*** Opening Given entries ***
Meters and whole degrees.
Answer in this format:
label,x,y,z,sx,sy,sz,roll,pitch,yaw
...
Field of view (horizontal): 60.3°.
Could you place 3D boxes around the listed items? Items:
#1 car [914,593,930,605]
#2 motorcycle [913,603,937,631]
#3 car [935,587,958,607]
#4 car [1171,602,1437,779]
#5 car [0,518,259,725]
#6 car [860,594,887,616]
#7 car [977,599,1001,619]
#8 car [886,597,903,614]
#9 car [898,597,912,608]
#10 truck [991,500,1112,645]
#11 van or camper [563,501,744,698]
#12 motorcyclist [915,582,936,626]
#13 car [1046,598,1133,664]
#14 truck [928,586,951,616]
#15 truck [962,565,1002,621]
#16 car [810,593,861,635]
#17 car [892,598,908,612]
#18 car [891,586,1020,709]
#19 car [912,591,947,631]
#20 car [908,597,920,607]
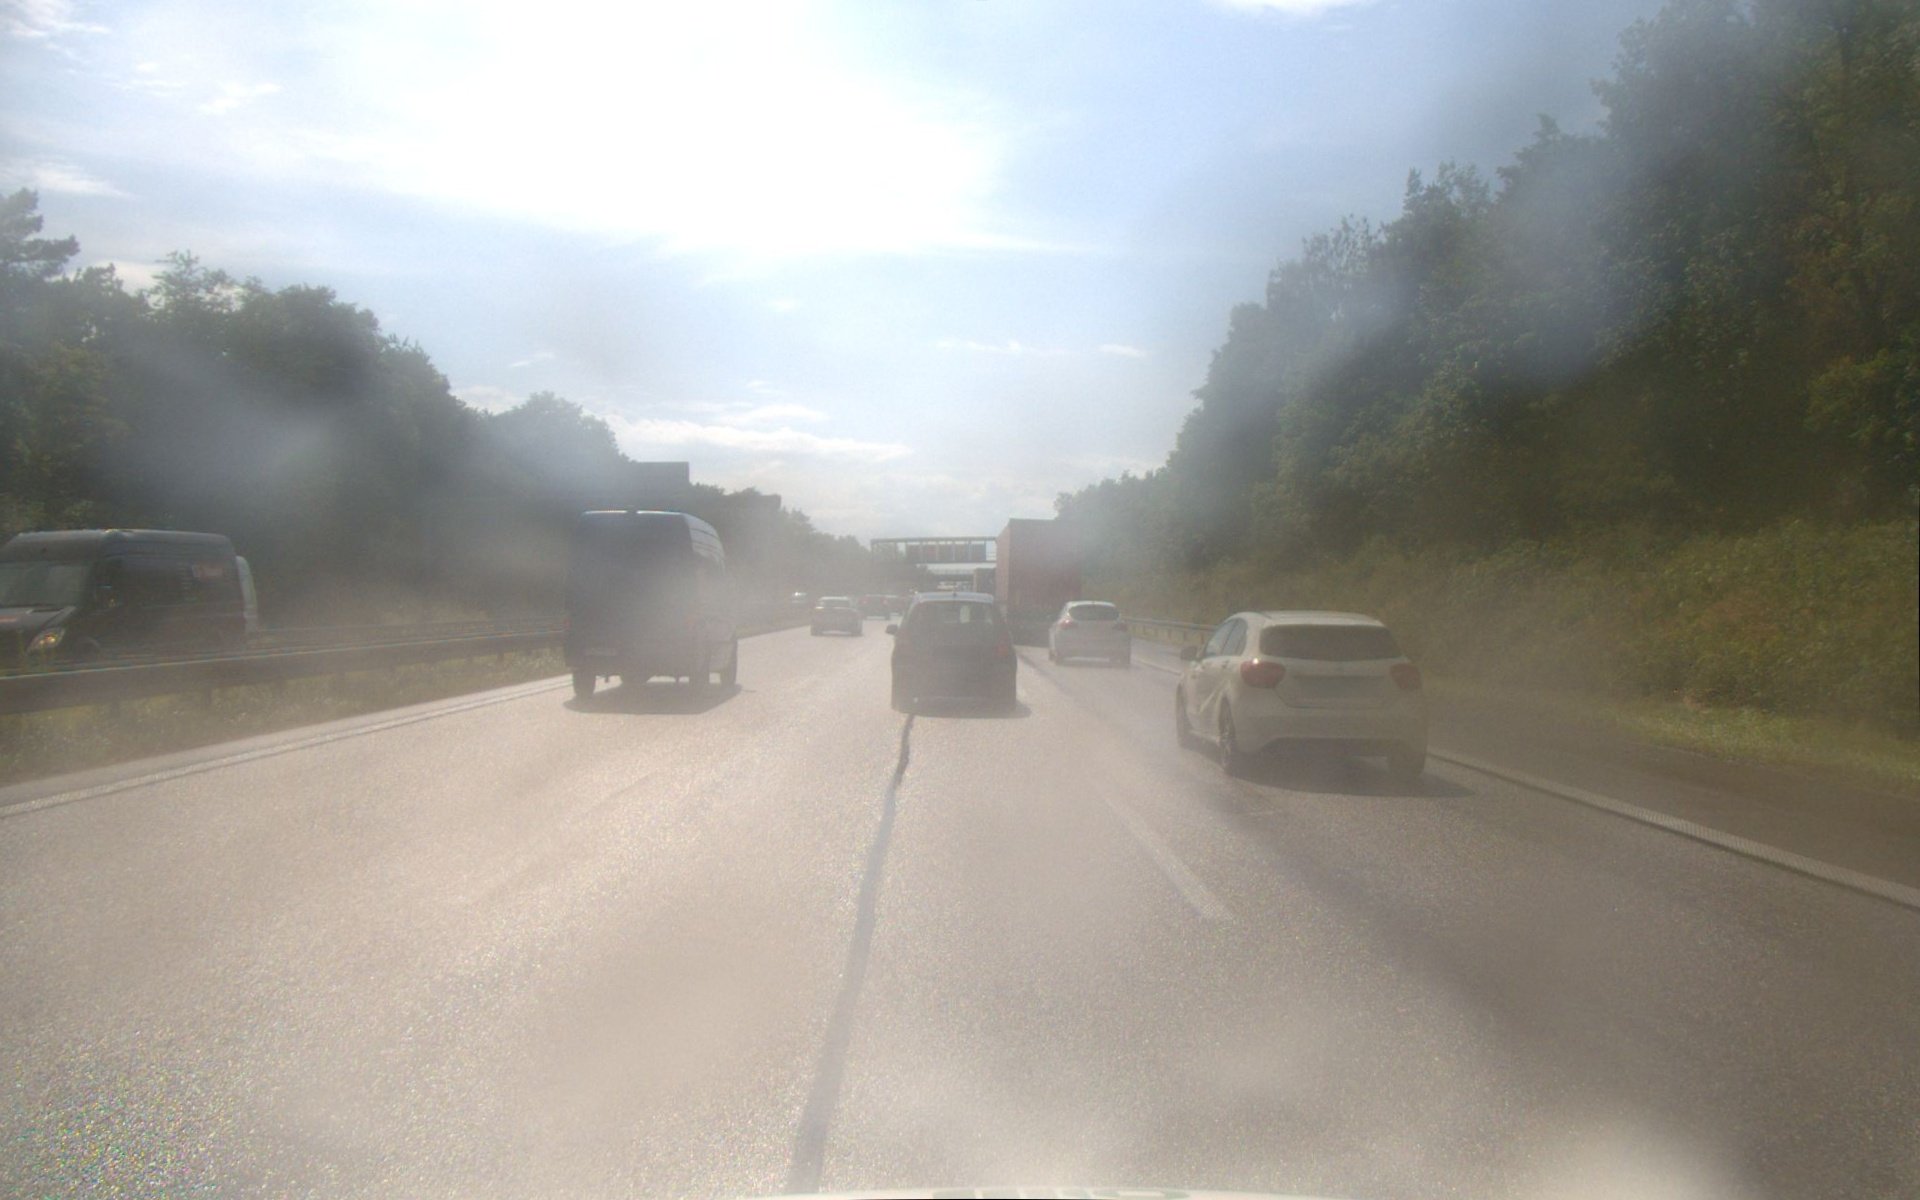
label,x,y,z,sx,sy,sz,roll,pitch,yaw
car,-5.306,-0.127,230.407,1.952,1.731,4.002,0,0,4
motorcycle,-1.353,0.644,63.438,0.873,1.018,2.895,1,0,-2
car,-0.983,-0.191,117.508,1.521,1.407,3.208,1,0,-2
car,3.151,0.760,15.965,1.657,1.450,4.220,1,0,0
car,-13.907,0.295,26.817,2.217,2.920,6.888,1,0,-1
car,-5.839,0.331,111.816,1.716,1.482,3.388,1,0,-2
car,2.063,0.620,118.290,1.521,1.407,3.208,1,0,-2
car,-5.477,0.445,138.168,1.431,1.418,3.310,1,0,-2
car,-6.494,0.258,194.544,1.518,1.289,3.483,1,0,-2
truck,3.225,-0.917,63.806,3.575,4.803,16.777,1,0,0
van or camper,-4.615,-0.002,25.723,1.953,2.715,5.382,1,0,-2
motorcyclist,-1.327,0.146,63.396,0.785,1.662,1.013,1,0,-2
car,3.075,0.713,39.854,1.647,1.467,3.903,1,0,-2
truck,-2.113,0.106,166.405,2.148,2.925,4.847,1,0,-2
truck,1.815,-0.587,144.497,3.189,4.558,12.419,1,0,0
car,-4.858,0.544,64.806,1.817,1.578,3.483,1,0,-2
car,-5.955,0.488,162.882,1.518,1.289,3.483,1,0,-2
car,-0.117,0.634,23.585,1.683,1.595,3.483,1,0,-2
car,-1.431,0.498,76.097,1.501,1.777,3.483,1,0,-2
car,-5.850,0.248,209.475,1.518,1.289,3.483,1,0,-2
*** Closing Given entries ***
What to produce
All lines in the data above from the one with "#2 motorcycle [913,603,937,631]" through the one with "#19 car [912,591,947,631]" must be repeated exactly, and no others.

Result below
#2 motorcycle [913,603,937,631]
#3 car [935,587,958,607]
#4 car [1171,602,1437,779]
#5 car [0,518,259,725]
#6 car [860,594,887,616]
#7 car [977,599,1001,619]
#8 car [886,597,903,614]
#9 car [898,597,912,608]
#10 truck [991,500,1112,645]
#11 van or camper [563,501,744,698]
#12 motorcyclist [915,582,936,626]
#13 car [1046,598,1133,664]
#14 truck [928,586,951,616]
#15 truck [962,565,1002,621]
#16 car [810,593,861,635]
#17 car [892,598,908,612]
#18 car [891,586,1020,709]
#19 car [912,591,947,631]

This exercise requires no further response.